Where there is no prior decision of a competition authority on which claimants can rely, cartel litigation will be in the form of a “stand-alone” claim in which the claimant bears the burden of proving liability for the competition infringement.

At the time of writing, many cartel litigation claims in the English courts are follow-on claims, which rely on the binding nature of European Commission (“Commission”) infringement decisions. This trend is set to evolve in light of Brexit (see further at section 5 below). Nonetheless, the English courts will remain highly persuaded by the Commission’s findings of fact, bearing in mind its extensive investigatory powers and experience in these matters.

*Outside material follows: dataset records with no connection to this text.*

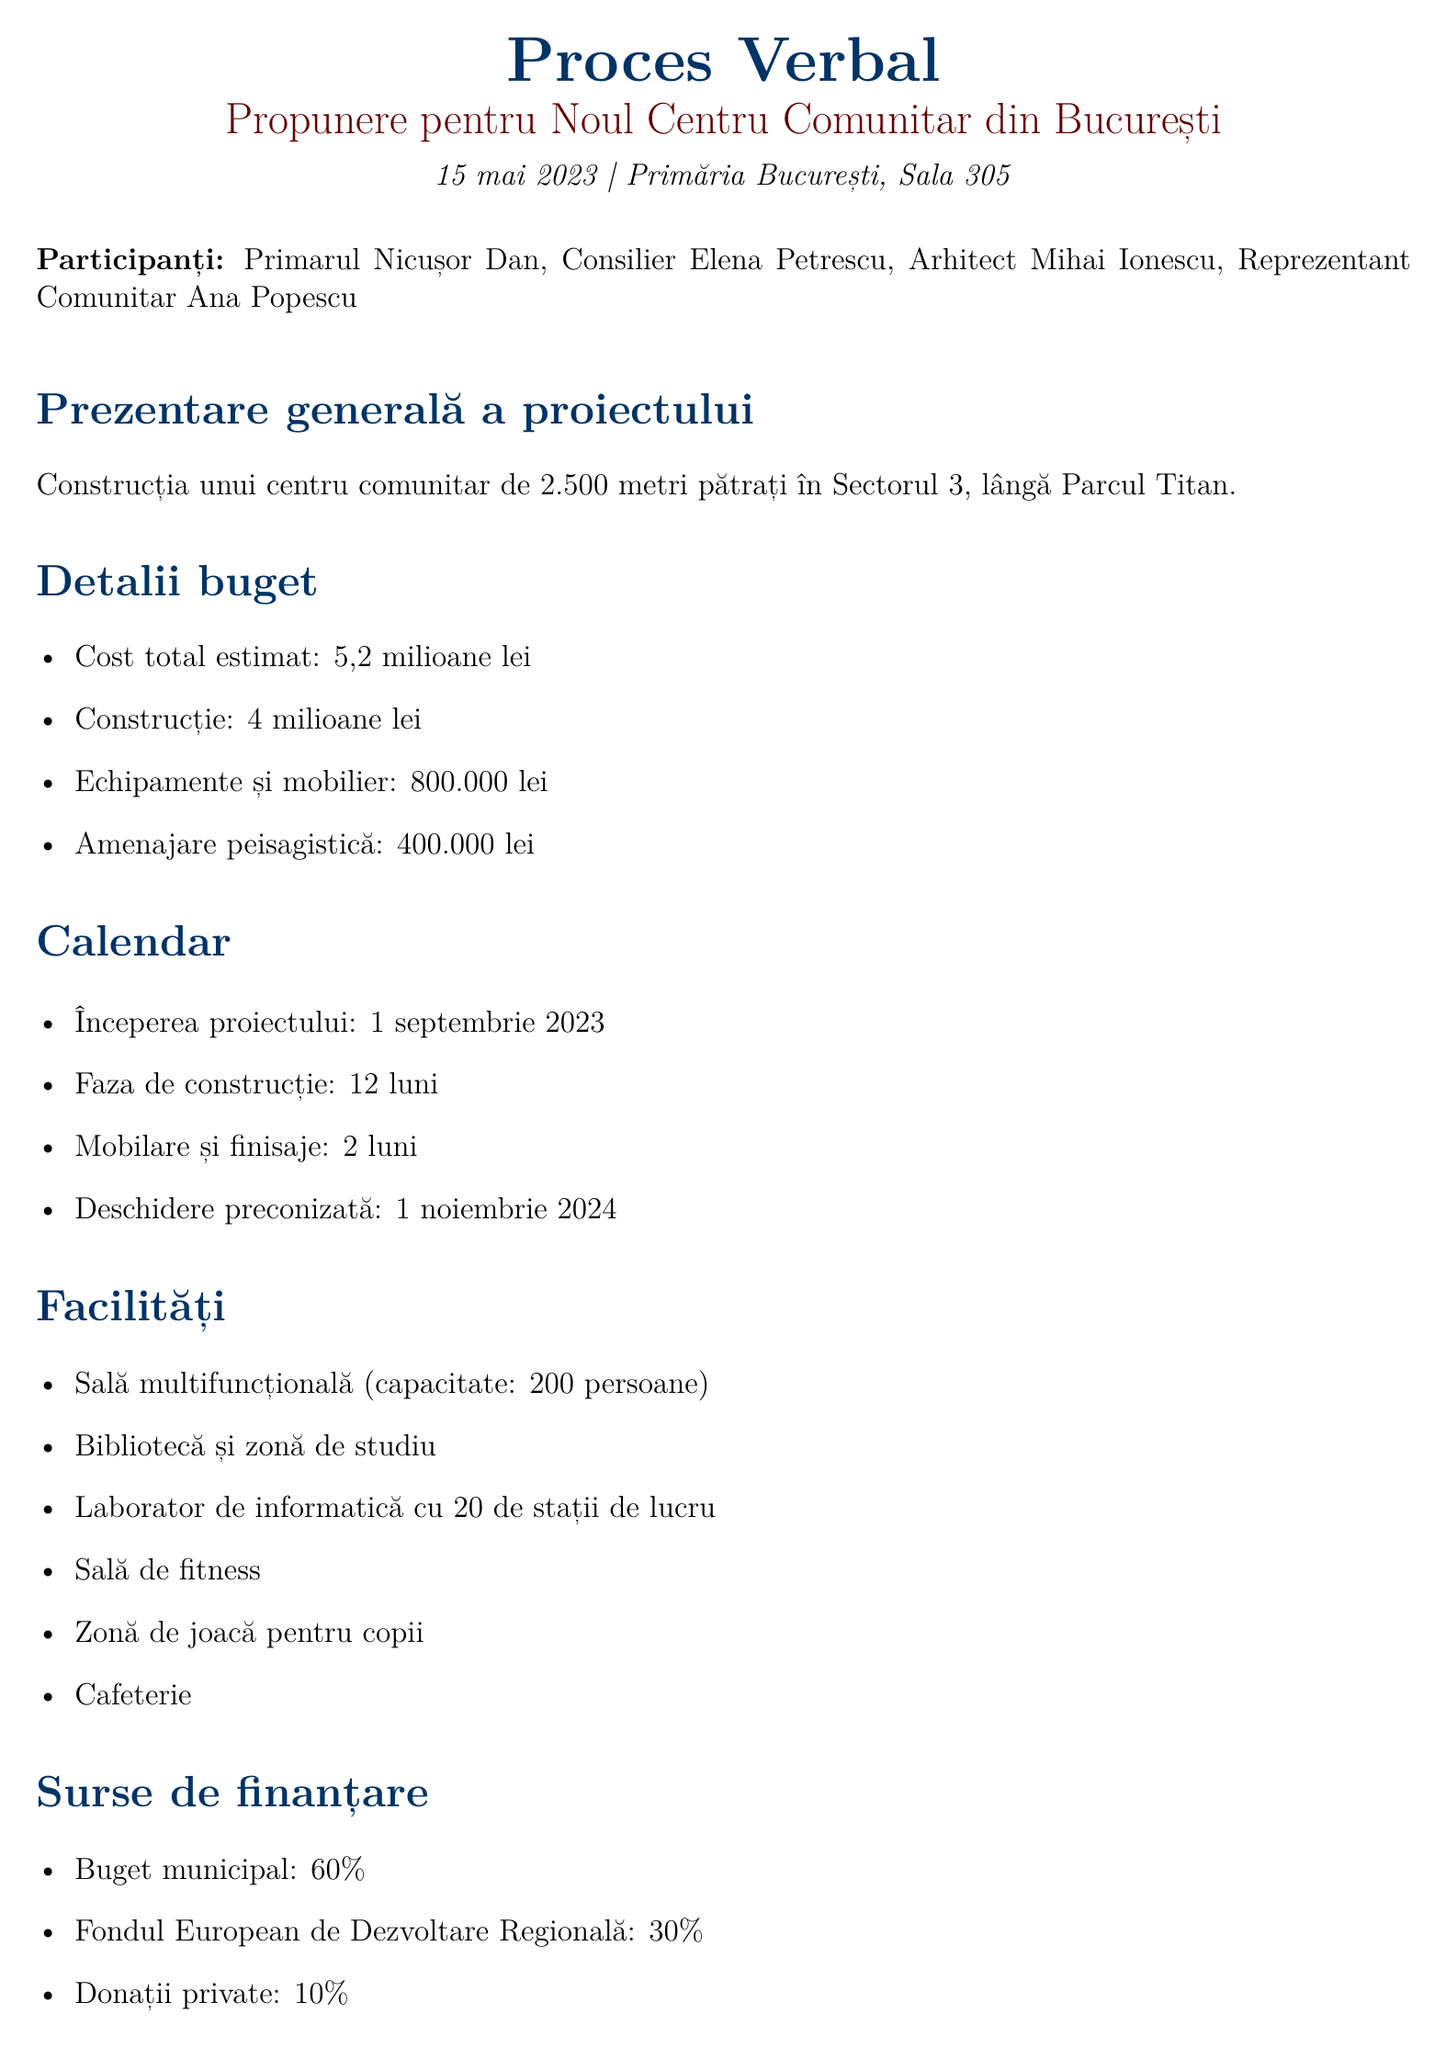What is the estimated total cost of the project? The total estimated cost is listed in the budget breakdown section of the document.
Answer: 5.2 million lei When is the project expected to start? The start date of the project is mentioned in the timeline section.
Answer: September 1, 2023 How long is the construction phase planned to last? The duration of the construction phase is specified in the timeline details.
Answer: 12 months What percentage of funding comes from private donations? The funding sources section outlines the contributions from different sources, including private donations.
Answer: 10% What is the capacity of the multipurpose hall? This information is provided in the facility features section of the document.
Answer: 200 people What are the next steps outlined in the meeting? The next steps are detailed in their own section, summarizing future actions to be taken.
Answer: Finalize architectural plans by June 30, 2023 Who is the community representative attending the meeting? The attendees section lists all participants, including the community representative.
Answer: Ana Popescu What are two benefits for the community mentioned in the document? The community benefits section lists various advantages; two benefits can be selected from this list.
Answer: Improved access to educational resources and job creation for local residents 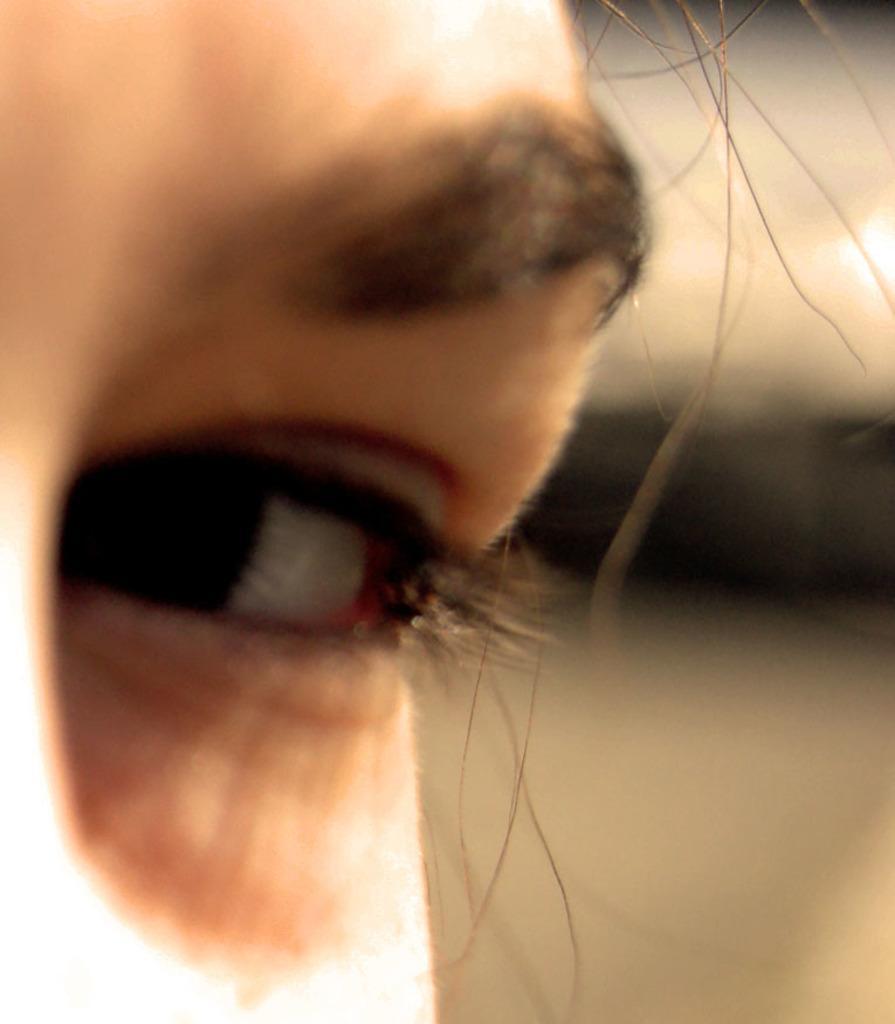Can you describe this image briefly? In this image I see a human face and I see the eyes and eyebrows and I see it is blurred in the background. 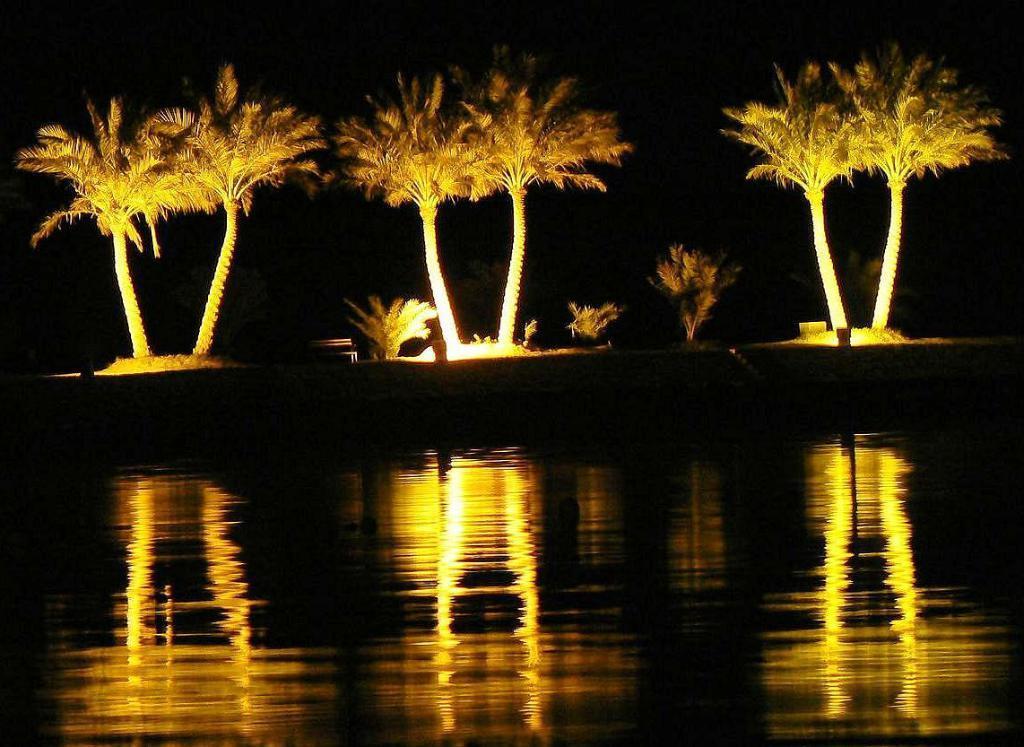Can you describe this image briefly? In the foreground of this image, there are trees and plants placed side to a river and this picture is taken in the dark. 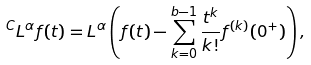<formula> <loc_0><loc_0><loc_500><loc_500>{ } ^ { C } L ^ { \alpha } f ( t ) = L ^ { \alpha } \left ( f ( t ) - \sum _ { k = 0 } ^ { b - 1 } \frac { t ^ { k } } { k ! } f ^ { ( k ) } ( 0 ^ { + } ) \right ) ,</formula>

Further, many cartelists would be unable to credibly deny their cartel behaviour in damages actions, particularly as cartelists frequently admit liability to the Commission in order to avail themselves of the regulatory settlement process which can reduce the fines imposed. The position in the U.S. is informative in this context. Findings of liability by the Department of Justice (“DoJ”) are not formally binding on the Federal courts when adjudicating on damages claims. However, defendants that admit liability to the DoJ do not routinely dispute liability in resulting damages claims.

 

Importance of economic evidence

Investigating a victim’s losses and achieving a good value recovery requires a solid understanding of economic concepts and theories. The relevant economic theories are complex, but the key parameters are:

  • The value of relevant commerce
  • The overcharge (which is broadly the amount by which the cartel caused prices to be higher than they would have been in the absence of the cartel)
  • “Pass-on”, which refers to the extent to which the overcharge may have been absorbed upstream of the claimant (if the claimant is an indirect purchaser from the cartel) and/or whether the claimant has passed on the overcharge to its downstream customers. Analysing pass-on can be particularly complex.

The English courts tend to take a detailed approach to economic evidence. An expert report that relies upon case-specific, underlying data and minimises reliance on generic proxies will be more persuasive to a judge and will exert increased settlement pressure. Much of the relevant data will be in the hands of the cartelists and only available through disclosure. Disclosure is, therefore, a key tool in building a persuasive and effective expert report.

 

Collective proceedings

A relatively new procedure is available to cartel victims, pursuant to which individuals and businesses can bring collective proceedings before the UK’s specialist Competition Appeal Tribunal (“CAT”). Collective proceedings are brought by a certified representative of a defined class of claimants, on either an opt-in or an opt-out basis. The procedure is primarily intended to make recovery of competition damages more accessible to consumers, whose claim may not be viable on an individual basis.

In recent years, collective proceedings have also been launched on behalf of businesses, including over truck purchases, foreign exchange trades, maritime car shipping and landline telephone charges. Most collective proceedings slowed in their initial stages pending the outcome of the Supreme Court hearing in the case of Mastercard Incorporated and others (Appellants) v Walter Hugh Merricks CBE (Respondent), which is a consumer claim relating to the payment of interchange fees. The Supreme Court ruling was handed down on 15 December 2020 and clarified to some extent the appropriate test to be used in certification proceedings.

With this new guidance from the Supreme Court, which has potentially made the burden of certification more achievable, it is expected that collective proceedings under the new regime will increase and, consequently, there will be a rising number of carriage disputes (where there is more than one contender for the office of class representative in collective proceedings).